Пройдя в конец зала, она нашла молодого милиционера и объяснила ему ситуацию.
     – Скажите спасибо, что я вовремя заметил Вашу сумку. Пойдёмте, она у меня в дежурке. Как это Вы решились оставить вещи и пойти гулять?
     – Я думала, что на севере не воруют.
     Милиционер дивился такой наивности.
     – У нас, в основном, живут бывшие «зэки», отсидевшие свой срок и осевшие здесь. Они женятся, работают, обзаводятся детьми, а замашки-то остаются прежние. Так что, будьте повнимательней.
     Слава Богу, сумка нашлась. Хороша бы она была, явившись с пустыми руками. Лирический настрой пропал.
Зато, когда она приехала в Вельск, ей там были так рады, словно это приехала дорогая и любимая родственница.
     У Розии была племянница лет двадцати. Ей было невыносимо скучно с тётей и бабушкой. Она обрадовалась, что теперь ей будет с кем провести интересно время.
     – Вы когда-нибудь видели баню по-чёрному? – спросила она лукаво, зная ответ заранее.
     Для начала, они пошли в баню. Таня принесла наколотые дрова и растопила каменку. А пока банька будет прогреваться, сели на скамейку возле калитки. Таня расспрашивала о Москве, она собиралась поступать там в техникум.
     Вечерело. Небо было светлое, молочное. Солнце в нём растворилось и невозможно было понять, где оно. По траве, растущей вдоль заборов, стелился трепетный пугливый туман. Деревянные избы плыли неторопливо и величаво по нему, словно возвращаясь из прошлого в настоящее. Вдали, за рекой, смутно были видны развалины старого храма.
     «Боже, Боже! Какая красота», – думала Генриетта.   
     Вроде бы ничего особенного, но какое-то настроение самой природы передавалось им. Впервые Природа предстала перед ней в образе загадочной и непостижимой одушевлённой сущности. Мир не был безмолвным, он пел про себя. Она будто чувствовала вибрацию звуков, какую-то мелодию, неуловимую ухом, но понятную душе. Божественная мелодия наполняла мир, но слышат и понимают её только великие композиторы, подобные Моцарту, Чайковскому…

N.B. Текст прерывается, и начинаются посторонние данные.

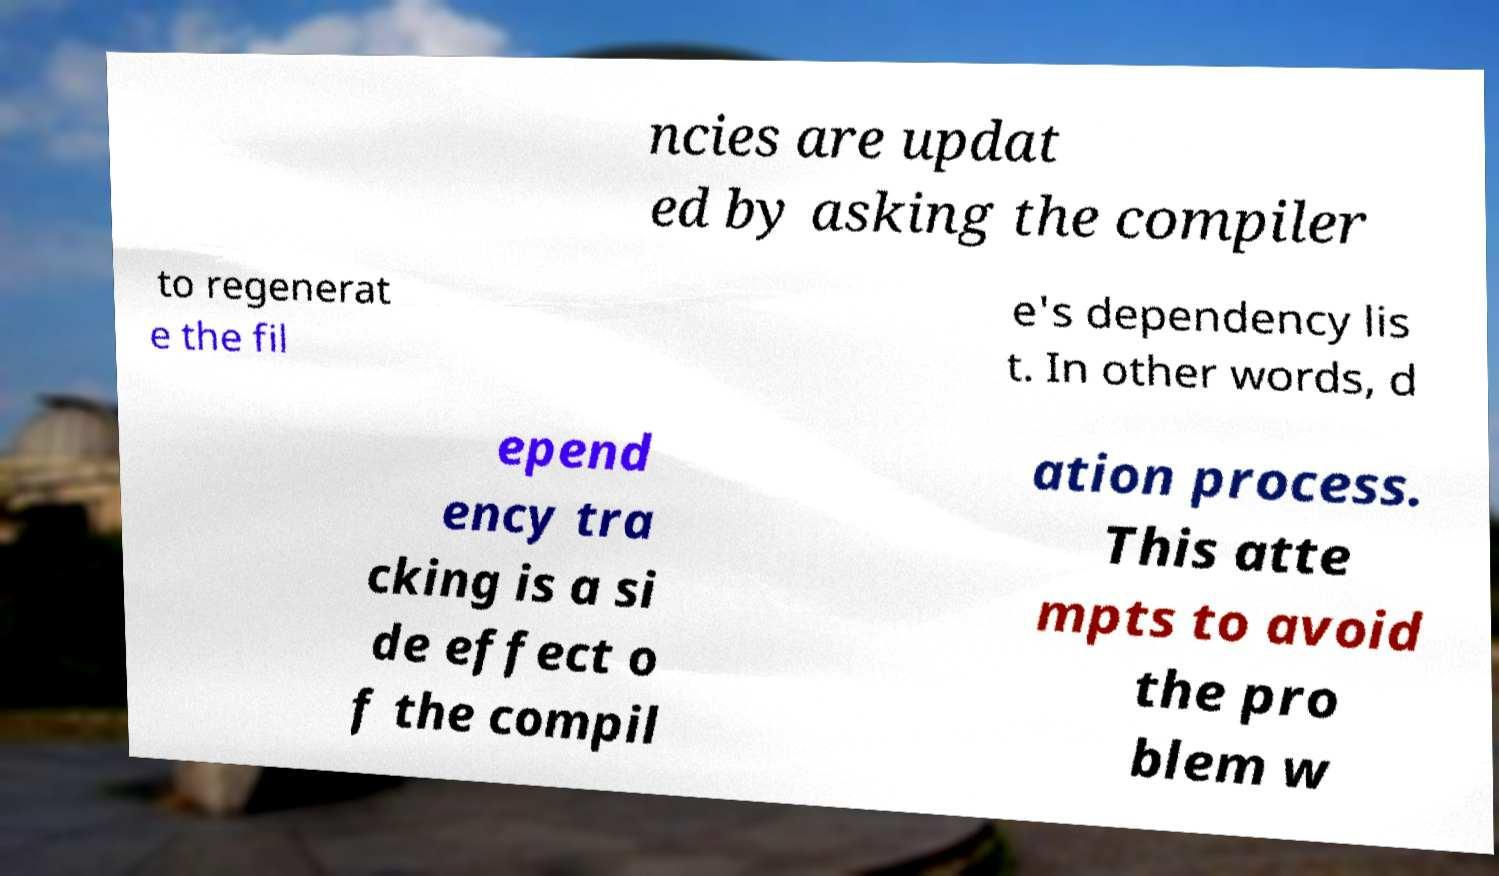What messages or text are displayed in this image? I need them in a readable, typed format. ncies are updat ed by asking the compiler to regenerat e the fil e's dependency lis t. In other words, d epend ency tra cking is a si de effect o f the compil ation process. This atte mpts to avoid the pro blem w 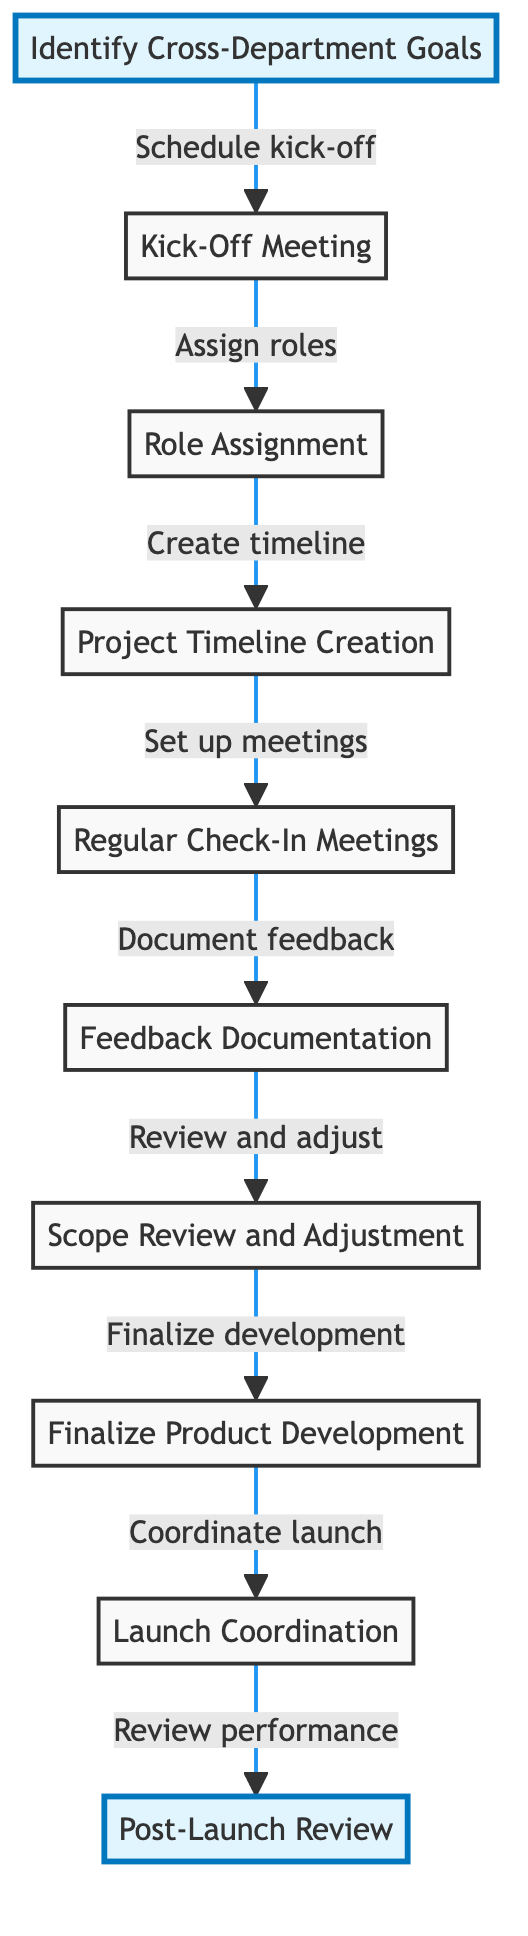What is the first step in the workflow? The first step, according to the diagram, is "Identify Cross-Department Goals." This is where collaboration begins with stakeholders to outline shared objectives.
Answer: Identify Cross-Department Goals How many steps are there in the workflow? By counting the nodes in the diagram, we see there are 10 distinct steps, ranging from "Identify Cross-Department Goals" to "Post-Launch Review."
Answer: 10 What is the next step after "Role Assignment"? The next step following "Role Assignment" is "Project Timeline Creation." This indicates that once roles are assigned, the team will then work on establishing a project timeline.
Answer: Project Timeline Creation What does "Feedback Documentation" lead to? "Feedback Documentation" leads to "Scope Review and Adjustment." This shows that documenting feedback is essential for adjusting the project's goals and making necessary improvements.
Answer: Scope Review and Adjustment How many meetings are scheduled after the project timeline is created? After creating the project timeline, "Regular Check-In Meetings" are scheduled, indicating that these meetings are crucial for assessing progress. There aren’t any specific mentions of additional meetings.
Answer: One What is the purpose of the "Post-Launch Review"? The "Post-Launch Review" serves to analyze product performance and the success of cross-department collaboration, aiming for future improvements based on the analysis.
Answer: Analyze product performance What is the last step before "Launch Coordination"? The last step prior to "Launch Coordination" is "Finalize Product Development." This indicates the process of integrating final feedback and preparing for the actual launch.
Answer: Finalize Product Development In what stage are roles and responsibilities assigned? Roles and responsibilities are assigned during the "Kick-Off Meeting" stage, where all representatives discuss project scope and expectations before moving on to role assignment.
Answer: Kick-Off Meeting Which two departments are involved in "Launch Coordination"? The two departments involved in "Launch Coordination" are Marketing and Sales, as indicated by the collaboration required for product launch strategies.
Answer: Marketing and Sales What is the focus of "Scope Review and Adjustment"? The focus of "Scope Review and Adjustment" is to evaluate project goals against progress and feedback, ensuring that adjustments are made as necessary to stay aligned with objectives.
Answer: Evaluate project goals 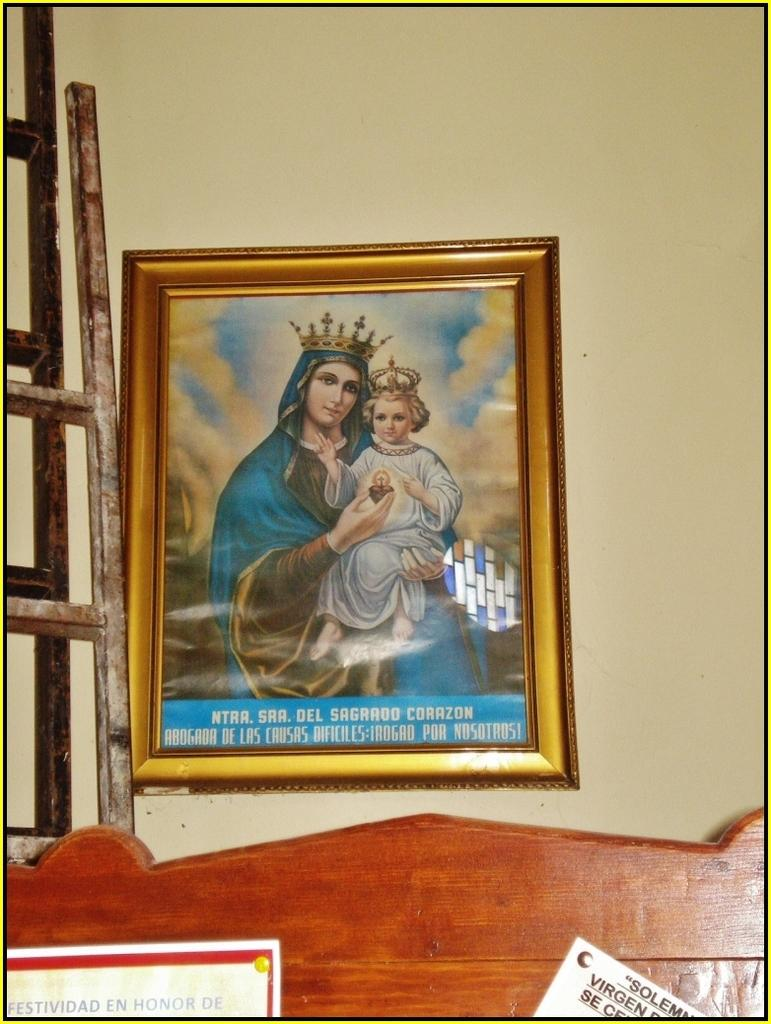<image>
Share a concise interpretation of the image provided. A painting on a wall of a woman and klittle girl wearing a crown that says NTR. SHA. DEL SAGRADO CORAZON.

     На улице, по-прежнему, не было ни души, и в надвигавшихся сумерках стали появляться освещённые окна. Значит там жили люди, но многие избы стояли тёмные, как нежилые.
     Они сидели молча, каждая думая о своём, потом Генриетта спросила:
     – Таня, почему в некоторых домах не светятся окна?
     – Так там никто и не живёт. Хотите зайдём, посмотрите.
     – Дома ведь наверно заперты?
     – Да что Вы, от кого запирать-то? Захочешь, заходи и живи.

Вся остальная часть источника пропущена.